Но вернусь к началу, к той мысли о Попове, что посетила меня буквально вчера, 10 декабря, в день рожденья Мастера.
Я подумала, что для десятилетнего Вити, росшего в войну без отца в голодном и разоренном Бежецке, весть, принесенная учительницей пения, что в Москве открывается хоровое училище-интернат для мальчиков, была спасительной.
Витина мама, по рассказу самого Попова, была на деревне «плакальщицей», то есть исполняла тот старинный обряд проводов покойника, который в советской — военной и послевоенной — действительности стал по существу избыточен.
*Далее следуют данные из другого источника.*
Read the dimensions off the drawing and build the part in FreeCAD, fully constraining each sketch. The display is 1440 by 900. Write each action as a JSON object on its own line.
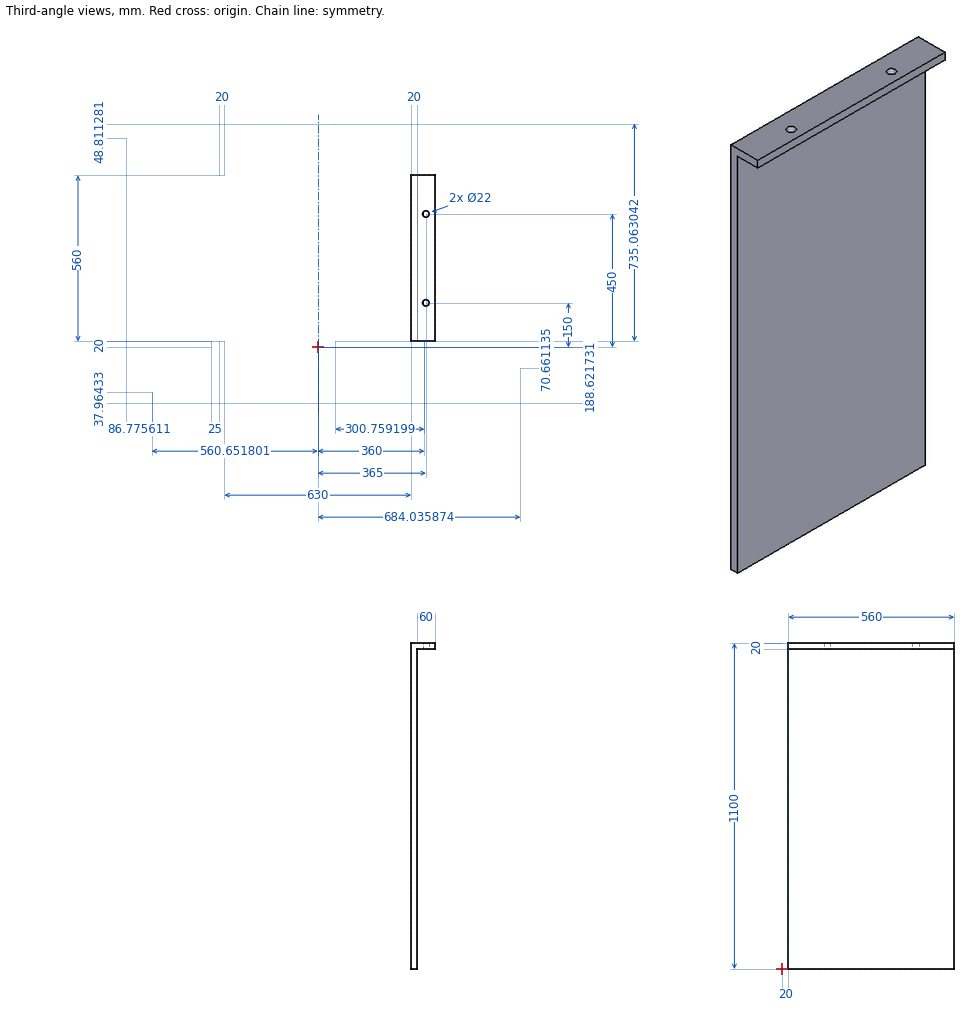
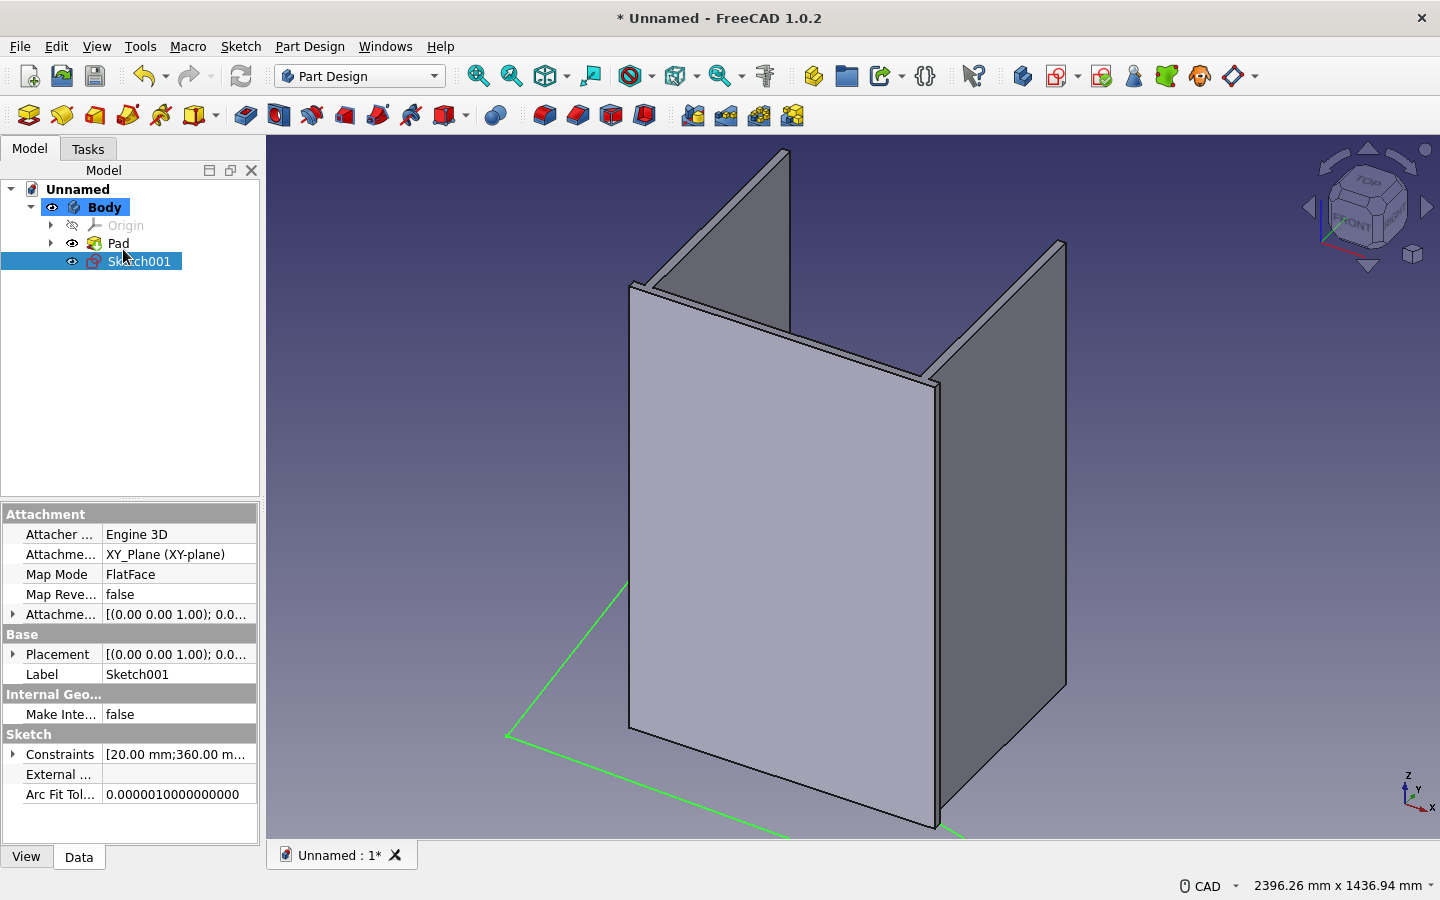
{"action": "left_click", "coordinate": [246, 116]}
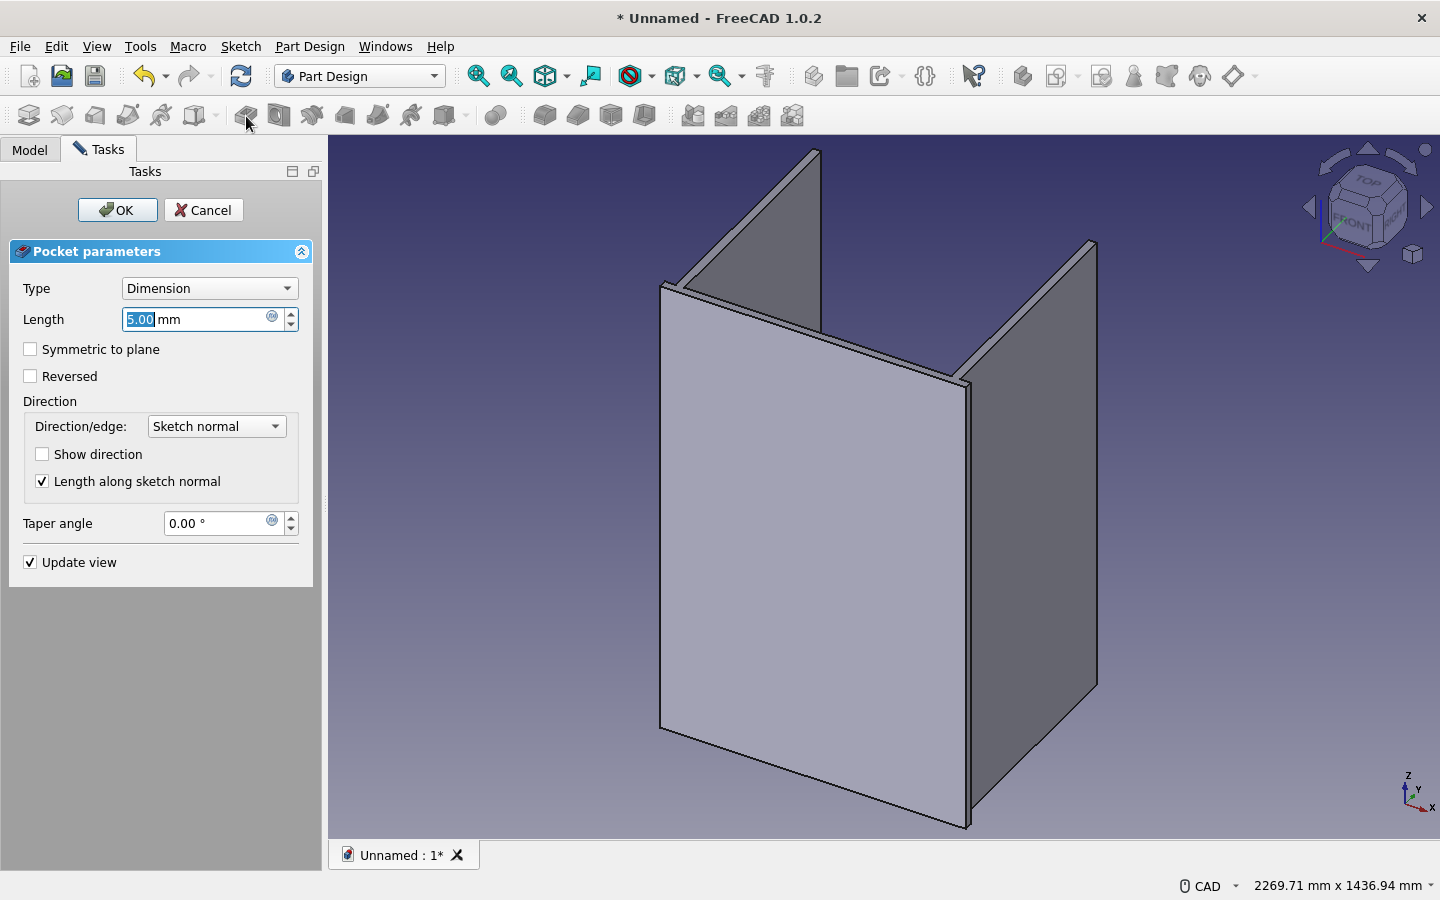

Всех мертвых не оплачешь.
Странная материнская профессия, в которой сочетались народное искусство и религиозная экзальтация, не могла не отразиться на сыне — человеке редкой сдержанности, запрятавшем экзальтацию, как и религиозное чувство глубоко в подсознание, но не отказавшегося от них.
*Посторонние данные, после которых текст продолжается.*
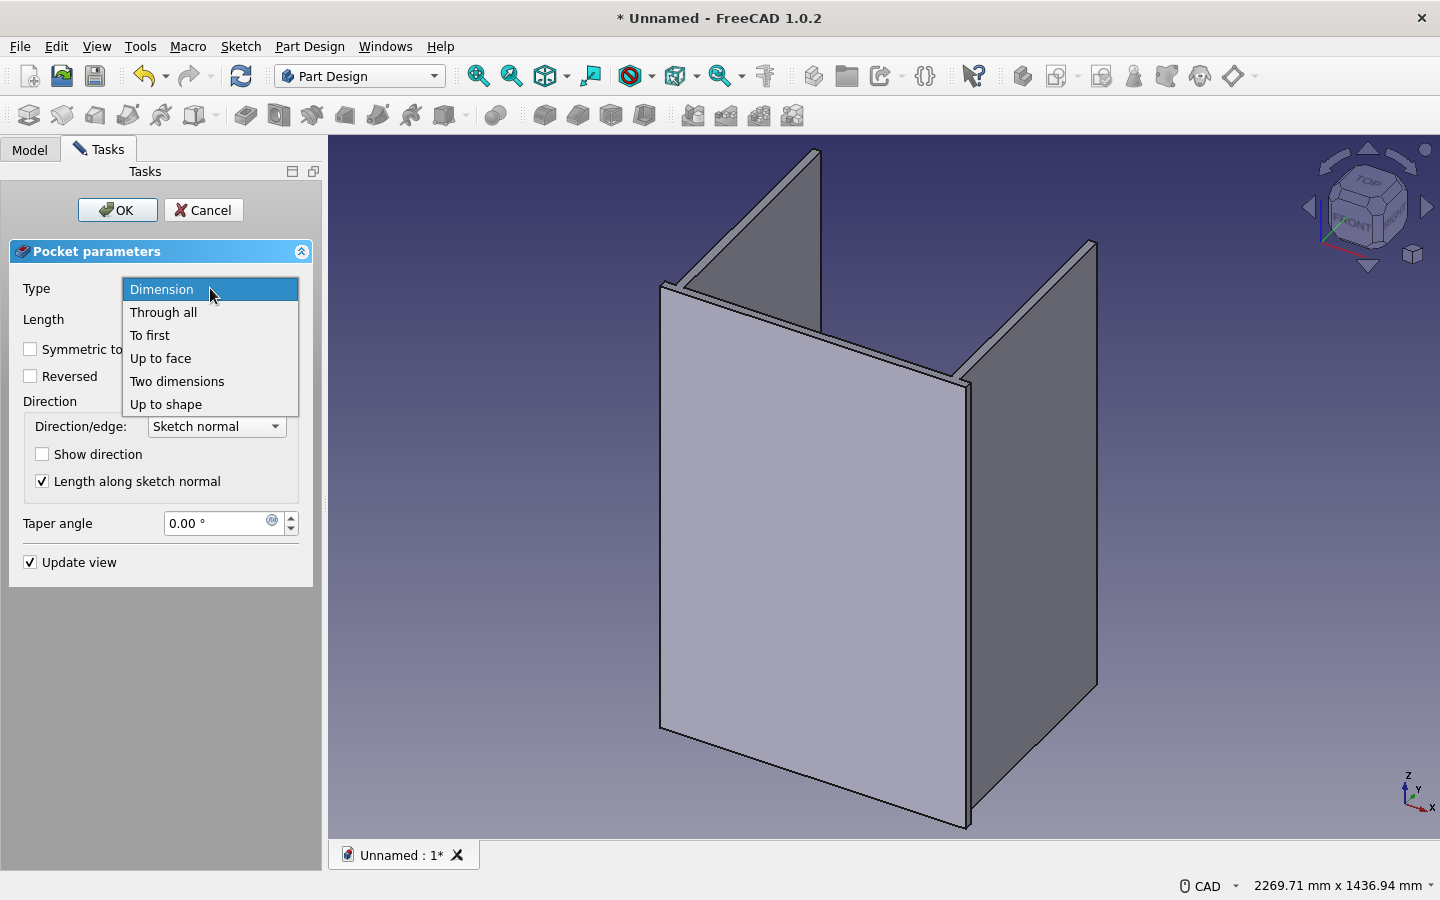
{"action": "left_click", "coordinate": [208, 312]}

Мать успела привезти Витю в Москву и отдать его в руки Александра Васильевича Свешникова. Свешников стал учителем, указал тот уровень и приобщил к тем традициям, что вели еще от дореволюционной хоровой школы, Свешников вывел на дорогу и указал путь — хор, хоровое пение. Это и было спасением.
Виктор Попов
Остальное зависело уже от него самого — талантливого, волевого, целенаправленного паренька, рано оставшегося сиротой, но ясно осознавшего, каким богатством наделил его учитель.
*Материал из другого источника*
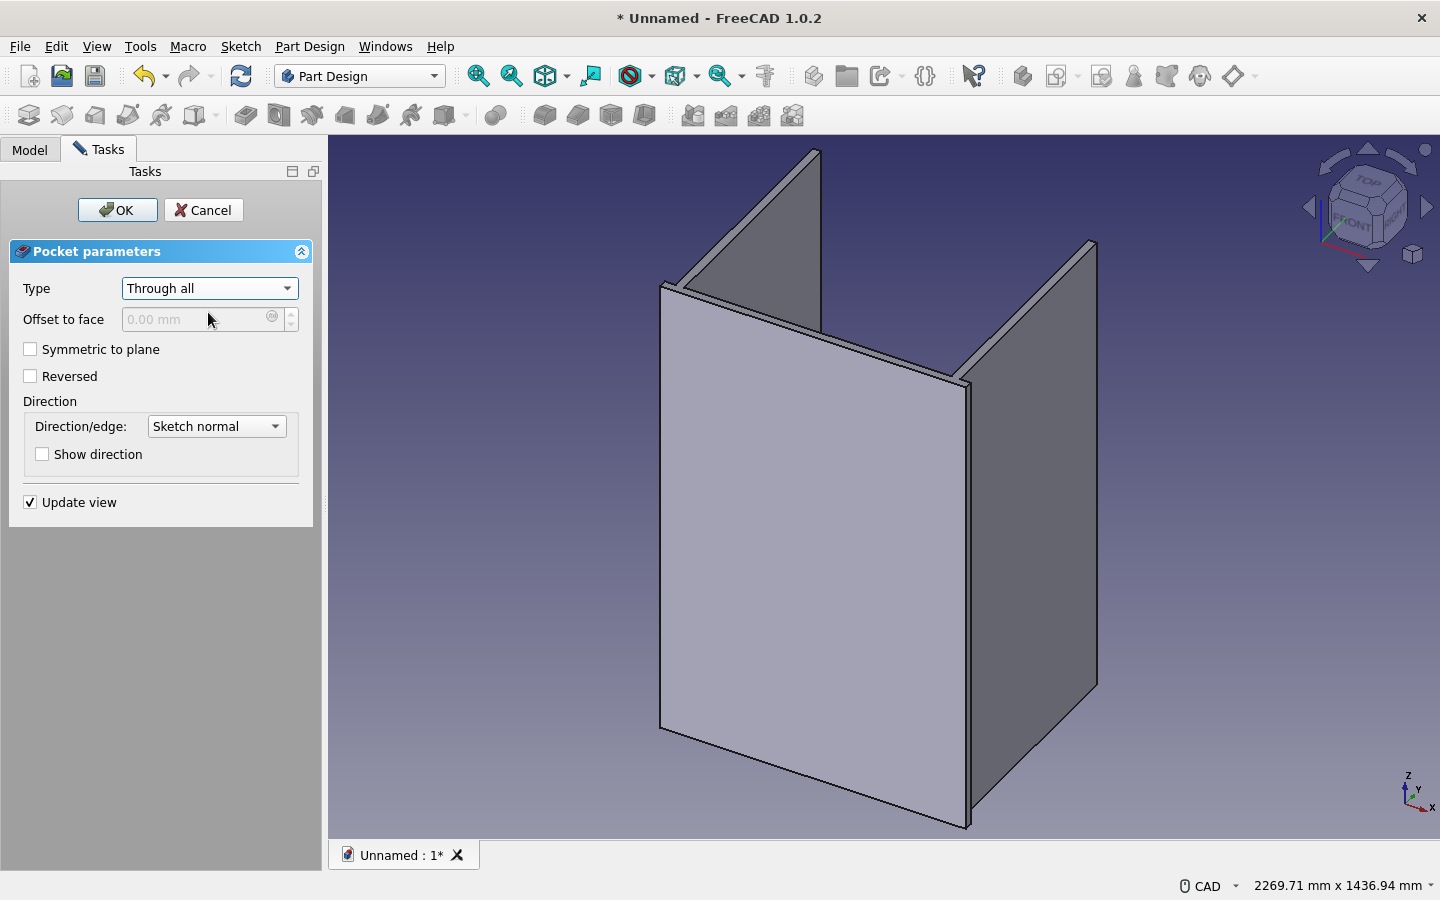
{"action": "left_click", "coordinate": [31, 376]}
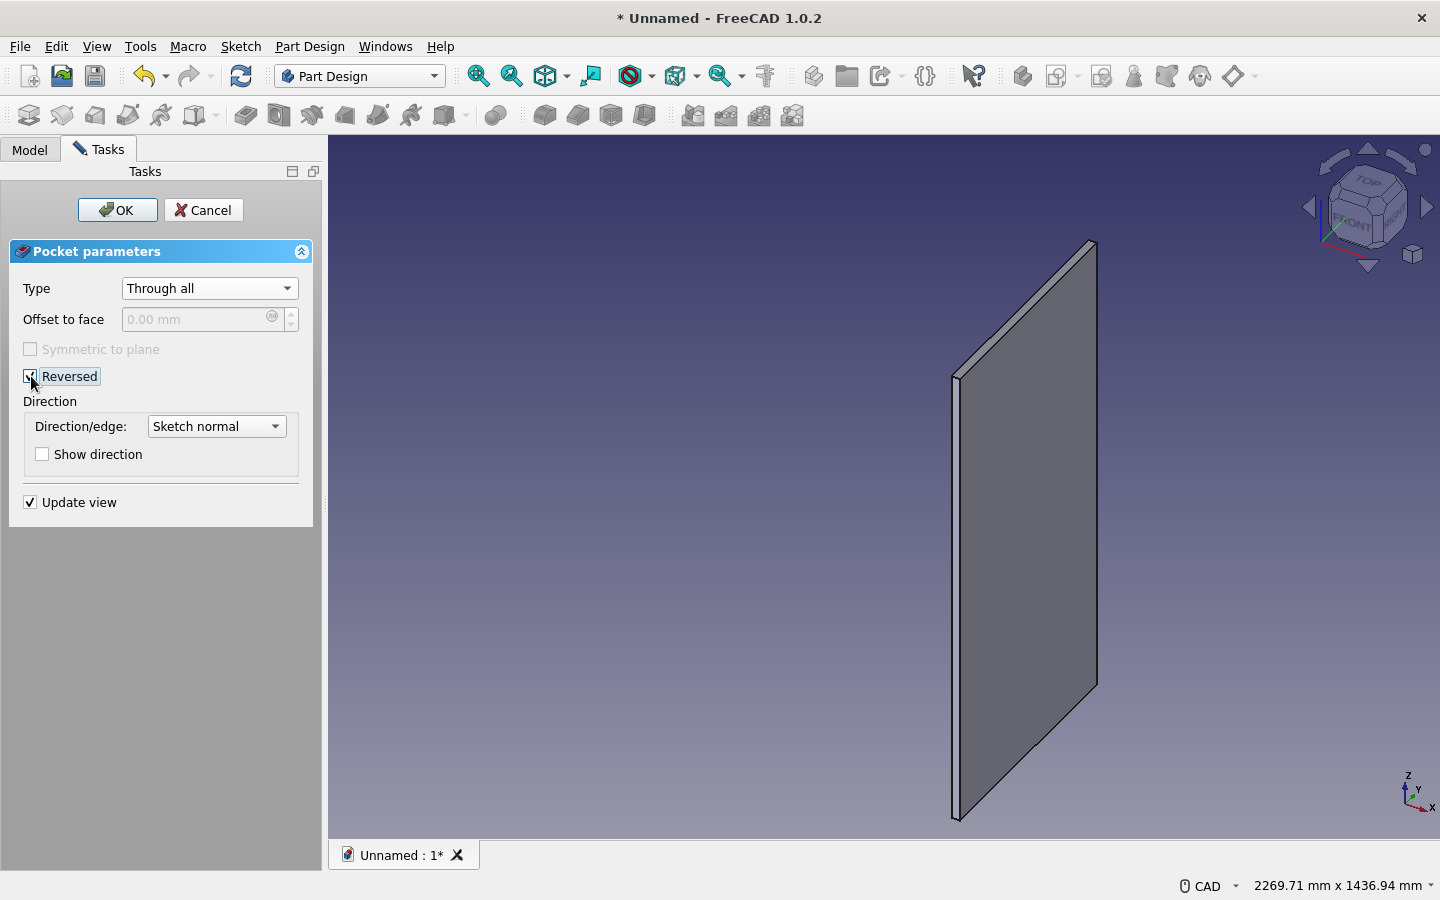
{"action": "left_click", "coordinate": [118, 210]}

Как бывшая хористка могу сказать: нет ничего прекраснее тех минут, когда хор, подчиняясь магическим движениям дирижера на волне вдохновения улетает в горние выси. Дорогого стоят эти минуты, редки они, и много нужно потрудиться над звуком и смыслом, чтобы свершилось это чудо на сцене. Одним из тех хормейстеров и дирижеров, которым удавалось извлечь из хора не просто звуки, а нечто божественное, был Виктор Сергеевич Попов.
Когда-нибудь о нем, хормейстере, поцелованном Богом, воспитателе хористов и вокалистов, создателе Большого детского хора, Академии пения, напишу большую статью. А сейчас ограничусь только несколькими «случаями».
В материале, показанном на ТВ к 80-летию рано умершего (всего 73 года) маэстро его повзрослевшие воспитанники часто вспоминали строгость, пунктуальность и даже придирчивость учителя. Что было, то было, причем с молодости. Снимал часы, клал их на крышку рояля — и ровно в срок начинал занятия. Кто опоздал — ждал за дверью и попадал в репетиционный зал не раньше, чем давал внятные объяснения своему опозданию.
Однажды и я попала в эту конфузную и неприятную ситуацию. Зима… из нашего Перова добраться до Ленинских гор — это потратить минимум полтора часа в ледяном автобусе, на метро и в долгом забеге по сугробам до Дворца пионеров… И вот, замерзшая и дрожащая, стою перед Поповым в ряду таких же опоздавших. Такое ощущение, что для него все одинаковы, он никого не выделяет, и обстоятельства для него не важны. Мое объяснение, что опоздала, так как долго ждала автобуса, явно его не устраивает. — Садись, — взгляд суров, как и после объяснения мальчишки-соседа, что опоздал, так как проспал.